Question: A friend of mine has been following a gluten-free diet, and is losing weight and feeling more energetic than she has in awhile. That said, she is not gluten intolerant and doesn’t have celiac disease. Is this diet recommended for weight loss and general health?
Answer: This diet is not intended for presumably healthy individuals, and there isn’t any research to indicate that it helps with anything other than gluten intolerance or celiac disease. There are many so-called “experts” out there that attribute the inability to lose weight, or a lack of energy, to any number of dietary factors, including gluten. Unfortunately, they can’t point to any studies indicating that gluten is the problem, and if that’s the case, a lack of gluten is unlikely to be the solution. Celiac disease is diagnosed with a blood test and an intestinal biopsy, and gluten intolerance is typically diagnosed if gastrointestinal symptoms persist in the absence of a clinical diagnosis. Your friend is likely experiencing weight loss as the result of following a more restrictive, lower calorie diet, and this probably explains her renewed energy level as well.
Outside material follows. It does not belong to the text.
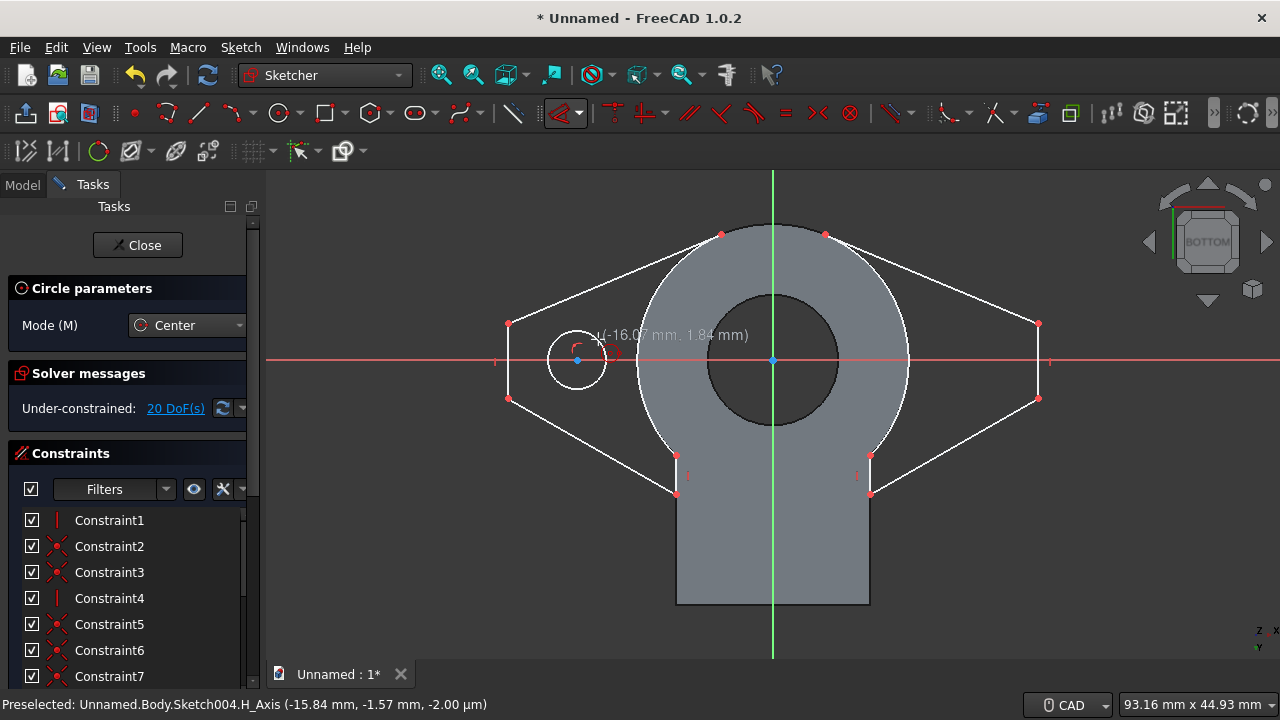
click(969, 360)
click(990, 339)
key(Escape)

If she wants to continue the diet, that’s completely fine, but it probably isn’t necessary to reach her health and wellness goals.

Question: I just started lifting weights and noticed that I have some significant muscular imbalances when it comes to strength. Is this normal, and if so, what can I do about it?
Answer: This is completely normal, and is something that most people deal with when they start a strength training program. Most of us have a dominant side that becomes stronger as we age, thanks to repetitive use. This leaves us with a weaker side that can make strength training more challenging. Luckily, these weaknesses can be overcome. If you engage in a regular lifting program, your weaker side will gradually catch up over time. You don’t even need to focus specifically on your weaker areas, though many people do, in order to balance things out a bit faster. Bottom line—consistent training and time will create a balanced and strong body, so just stick with it!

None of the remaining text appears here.